* PROBLEM STATEMENT: Show all lines from the data that include the word "Return".

Data excerpts
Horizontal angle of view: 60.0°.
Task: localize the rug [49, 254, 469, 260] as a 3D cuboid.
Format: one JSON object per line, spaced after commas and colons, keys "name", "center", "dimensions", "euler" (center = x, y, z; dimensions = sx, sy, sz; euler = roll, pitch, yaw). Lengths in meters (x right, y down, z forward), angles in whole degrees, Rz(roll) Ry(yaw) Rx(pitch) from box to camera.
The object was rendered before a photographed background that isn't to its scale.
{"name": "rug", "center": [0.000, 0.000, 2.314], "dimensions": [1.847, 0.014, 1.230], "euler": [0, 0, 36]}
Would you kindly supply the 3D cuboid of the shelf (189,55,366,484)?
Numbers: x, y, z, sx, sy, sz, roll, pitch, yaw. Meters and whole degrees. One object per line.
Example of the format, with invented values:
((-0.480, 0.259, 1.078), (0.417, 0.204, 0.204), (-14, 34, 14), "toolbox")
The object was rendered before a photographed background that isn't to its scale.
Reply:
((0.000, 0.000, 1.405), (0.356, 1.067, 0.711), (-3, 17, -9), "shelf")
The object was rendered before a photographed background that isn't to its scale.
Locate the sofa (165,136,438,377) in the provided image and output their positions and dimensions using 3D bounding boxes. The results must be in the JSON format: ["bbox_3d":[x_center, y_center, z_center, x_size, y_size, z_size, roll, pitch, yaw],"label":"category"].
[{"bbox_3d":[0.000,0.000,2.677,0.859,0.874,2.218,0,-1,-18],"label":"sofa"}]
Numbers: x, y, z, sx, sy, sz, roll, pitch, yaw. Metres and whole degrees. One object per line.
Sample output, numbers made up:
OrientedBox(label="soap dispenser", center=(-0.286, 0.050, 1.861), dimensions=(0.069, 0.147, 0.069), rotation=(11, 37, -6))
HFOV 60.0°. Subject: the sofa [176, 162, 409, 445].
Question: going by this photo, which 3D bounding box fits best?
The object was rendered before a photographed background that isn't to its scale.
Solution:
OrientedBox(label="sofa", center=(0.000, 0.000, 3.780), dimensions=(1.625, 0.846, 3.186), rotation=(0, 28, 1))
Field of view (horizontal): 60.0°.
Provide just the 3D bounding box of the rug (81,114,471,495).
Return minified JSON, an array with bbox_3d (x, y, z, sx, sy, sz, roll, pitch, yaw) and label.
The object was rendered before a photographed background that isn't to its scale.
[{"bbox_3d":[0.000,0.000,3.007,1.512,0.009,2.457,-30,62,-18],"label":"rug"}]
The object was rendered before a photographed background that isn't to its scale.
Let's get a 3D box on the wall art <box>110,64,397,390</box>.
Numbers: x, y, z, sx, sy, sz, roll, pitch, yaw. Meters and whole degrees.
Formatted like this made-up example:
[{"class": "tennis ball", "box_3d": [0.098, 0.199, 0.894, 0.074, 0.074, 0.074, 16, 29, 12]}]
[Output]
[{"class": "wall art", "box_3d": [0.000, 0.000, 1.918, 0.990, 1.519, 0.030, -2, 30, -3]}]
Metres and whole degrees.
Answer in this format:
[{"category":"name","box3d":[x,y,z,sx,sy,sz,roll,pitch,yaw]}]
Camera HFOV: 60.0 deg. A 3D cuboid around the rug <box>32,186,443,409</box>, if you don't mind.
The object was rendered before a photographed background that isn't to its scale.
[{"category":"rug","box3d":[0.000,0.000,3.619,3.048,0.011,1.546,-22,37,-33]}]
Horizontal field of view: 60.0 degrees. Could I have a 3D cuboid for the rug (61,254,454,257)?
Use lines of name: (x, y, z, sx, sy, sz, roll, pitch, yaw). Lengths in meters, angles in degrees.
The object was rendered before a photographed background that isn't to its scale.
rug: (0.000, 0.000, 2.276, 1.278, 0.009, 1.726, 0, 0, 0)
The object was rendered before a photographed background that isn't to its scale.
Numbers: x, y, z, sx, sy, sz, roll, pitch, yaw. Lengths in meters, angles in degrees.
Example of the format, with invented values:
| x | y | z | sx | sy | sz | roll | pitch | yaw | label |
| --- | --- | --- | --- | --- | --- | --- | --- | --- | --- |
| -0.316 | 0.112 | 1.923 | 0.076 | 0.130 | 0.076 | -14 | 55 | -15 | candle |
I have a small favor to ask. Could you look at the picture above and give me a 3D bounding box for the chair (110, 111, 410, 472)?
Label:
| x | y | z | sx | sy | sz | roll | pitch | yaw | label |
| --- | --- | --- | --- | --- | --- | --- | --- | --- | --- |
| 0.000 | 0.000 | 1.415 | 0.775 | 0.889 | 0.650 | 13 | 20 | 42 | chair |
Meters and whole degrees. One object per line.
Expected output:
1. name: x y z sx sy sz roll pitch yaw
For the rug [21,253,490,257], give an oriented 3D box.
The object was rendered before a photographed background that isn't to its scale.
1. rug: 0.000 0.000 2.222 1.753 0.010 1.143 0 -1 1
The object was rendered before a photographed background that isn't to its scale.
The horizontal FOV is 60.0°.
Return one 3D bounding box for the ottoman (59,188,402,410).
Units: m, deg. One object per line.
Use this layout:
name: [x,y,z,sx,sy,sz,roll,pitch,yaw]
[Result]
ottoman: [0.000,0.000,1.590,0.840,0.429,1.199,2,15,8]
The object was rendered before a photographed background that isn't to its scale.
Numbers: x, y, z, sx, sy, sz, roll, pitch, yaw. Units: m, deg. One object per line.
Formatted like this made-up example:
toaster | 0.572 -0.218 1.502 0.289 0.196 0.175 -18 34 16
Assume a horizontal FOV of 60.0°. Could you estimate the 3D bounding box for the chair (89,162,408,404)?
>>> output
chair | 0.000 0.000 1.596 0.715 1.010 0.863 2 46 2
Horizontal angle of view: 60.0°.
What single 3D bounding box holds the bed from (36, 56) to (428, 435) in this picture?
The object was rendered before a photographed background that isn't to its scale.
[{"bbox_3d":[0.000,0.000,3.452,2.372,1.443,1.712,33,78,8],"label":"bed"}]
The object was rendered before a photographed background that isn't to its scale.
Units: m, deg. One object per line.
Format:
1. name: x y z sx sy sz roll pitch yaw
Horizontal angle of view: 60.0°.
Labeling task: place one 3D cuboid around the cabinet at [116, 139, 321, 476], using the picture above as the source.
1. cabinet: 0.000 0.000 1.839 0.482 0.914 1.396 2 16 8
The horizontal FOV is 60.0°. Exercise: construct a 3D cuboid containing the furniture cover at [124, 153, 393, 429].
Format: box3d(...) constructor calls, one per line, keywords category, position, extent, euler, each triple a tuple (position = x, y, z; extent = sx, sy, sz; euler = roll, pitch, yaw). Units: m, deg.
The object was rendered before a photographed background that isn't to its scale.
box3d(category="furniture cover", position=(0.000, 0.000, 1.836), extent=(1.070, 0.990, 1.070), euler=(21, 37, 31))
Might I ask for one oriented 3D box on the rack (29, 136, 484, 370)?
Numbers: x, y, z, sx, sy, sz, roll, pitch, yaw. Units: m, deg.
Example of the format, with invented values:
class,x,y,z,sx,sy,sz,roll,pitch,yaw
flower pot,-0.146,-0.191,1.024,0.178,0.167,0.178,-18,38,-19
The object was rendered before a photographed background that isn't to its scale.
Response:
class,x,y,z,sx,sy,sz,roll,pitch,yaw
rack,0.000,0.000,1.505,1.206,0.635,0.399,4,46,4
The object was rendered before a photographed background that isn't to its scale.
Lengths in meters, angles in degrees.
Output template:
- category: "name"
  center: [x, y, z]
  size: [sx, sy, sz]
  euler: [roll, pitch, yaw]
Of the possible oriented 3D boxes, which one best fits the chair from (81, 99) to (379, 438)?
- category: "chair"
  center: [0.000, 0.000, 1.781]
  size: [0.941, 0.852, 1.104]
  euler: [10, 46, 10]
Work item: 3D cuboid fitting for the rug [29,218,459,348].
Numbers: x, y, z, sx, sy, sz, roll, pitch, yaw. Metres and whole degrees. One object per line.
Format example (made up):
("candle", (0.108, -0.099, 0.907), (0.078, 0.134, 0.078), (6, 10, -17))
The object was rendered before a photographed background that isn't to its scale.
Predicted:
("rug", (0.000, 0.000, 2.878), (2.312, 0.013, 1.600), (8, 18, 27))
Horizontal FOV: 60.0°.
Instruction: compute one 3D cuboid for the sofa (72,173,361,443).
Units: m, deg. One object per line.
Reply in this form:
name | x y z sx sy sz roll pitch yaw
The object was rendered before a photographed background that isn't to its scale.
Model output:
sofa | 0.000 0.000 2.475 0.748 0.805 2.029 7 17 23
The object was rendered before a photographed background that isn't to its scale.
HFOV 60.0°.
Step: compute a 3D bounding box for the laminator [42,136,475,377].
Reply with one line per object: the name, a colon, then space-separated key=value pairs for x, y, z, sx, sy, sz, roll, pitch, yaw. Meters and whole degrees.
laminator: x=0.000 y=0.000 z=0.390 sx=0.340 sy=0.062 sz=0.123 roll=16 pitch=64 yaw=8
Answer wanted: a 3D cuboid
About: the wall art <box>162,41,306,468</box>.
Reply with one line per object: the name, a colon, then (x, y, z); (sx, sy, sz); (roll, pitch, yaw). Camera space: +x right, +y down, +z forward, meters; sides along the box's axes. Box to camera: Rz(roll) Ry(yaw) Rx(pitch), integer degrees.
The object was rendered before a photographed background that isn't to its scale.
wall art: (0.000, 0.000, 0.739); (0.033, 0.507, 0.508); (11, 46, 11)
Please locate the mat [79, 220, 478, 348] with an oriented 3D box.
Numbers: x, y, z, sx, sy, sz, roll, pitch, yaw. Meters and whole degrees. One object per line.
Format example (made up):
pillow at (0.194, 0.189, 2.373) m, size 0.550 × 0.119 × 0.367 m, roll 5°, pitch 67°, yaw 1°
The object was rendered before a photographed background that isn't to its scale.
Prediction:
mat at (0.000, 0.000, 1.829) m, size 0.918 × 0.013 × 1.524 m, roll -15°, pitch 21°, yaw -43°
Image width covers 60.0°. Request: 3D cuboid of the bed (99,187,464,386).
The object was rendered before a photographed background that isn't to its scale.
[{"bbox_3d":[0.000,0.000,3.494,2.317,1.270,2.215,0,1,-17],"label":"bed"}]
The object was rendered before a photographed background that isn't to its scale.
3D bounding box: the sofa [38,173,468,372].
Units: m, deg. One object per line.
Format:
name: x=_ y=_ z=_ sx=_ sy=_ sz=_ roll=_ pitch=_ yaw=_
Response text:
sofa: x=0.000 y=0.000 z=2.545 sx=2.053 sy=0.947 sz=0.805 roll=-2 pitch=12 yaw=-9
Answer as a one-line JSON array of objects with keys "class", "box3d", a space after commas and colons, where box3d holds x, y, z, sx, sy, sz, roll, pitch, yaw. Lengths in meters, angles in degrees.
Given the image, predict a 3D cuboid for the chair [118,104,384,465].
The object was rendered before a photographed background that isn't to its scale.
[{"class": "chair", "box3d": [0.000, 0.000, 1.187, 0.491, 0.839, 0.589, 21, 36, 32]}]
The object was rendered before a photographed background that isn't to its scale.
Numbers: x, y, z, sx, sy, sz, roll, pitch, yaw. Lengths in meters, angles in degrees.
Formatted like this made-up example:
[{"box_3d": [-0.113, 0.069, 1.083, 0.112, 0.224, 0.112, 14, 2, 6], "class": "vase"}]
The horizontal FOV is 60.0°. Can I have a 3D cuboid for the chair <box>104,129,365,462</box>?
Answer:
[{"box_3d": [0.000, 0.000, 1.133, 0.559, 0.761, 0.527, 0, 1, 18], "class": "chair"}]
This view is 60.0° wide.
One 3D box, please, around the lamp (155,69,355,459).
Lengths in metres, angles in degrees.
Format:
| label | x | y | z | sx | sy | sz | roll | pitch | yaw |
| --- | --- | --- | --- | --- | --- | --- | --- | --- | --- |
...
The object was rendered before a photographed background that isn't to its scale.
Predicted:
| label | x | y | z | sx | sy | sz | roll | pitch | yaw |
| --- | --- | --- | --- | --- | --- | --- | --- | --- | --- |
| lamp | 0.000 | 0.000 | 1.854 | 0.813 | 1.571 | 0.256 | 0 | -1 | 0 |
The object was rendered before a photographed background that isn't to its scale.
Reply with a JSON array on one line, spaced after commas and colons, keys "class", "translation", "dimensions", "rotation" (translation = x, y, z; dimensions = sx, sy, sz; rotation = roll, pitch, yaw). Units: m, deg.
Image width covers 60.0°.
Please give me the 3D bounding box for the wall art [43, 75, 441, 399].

* REPLY TO THE TASK:
Return minified JSON, an array with bbox_3d (x, y, z, sx, sy, sz, roll, pitch, yaw) and label.
Return one 3D bounding box for the ottoman (59,188,402,410).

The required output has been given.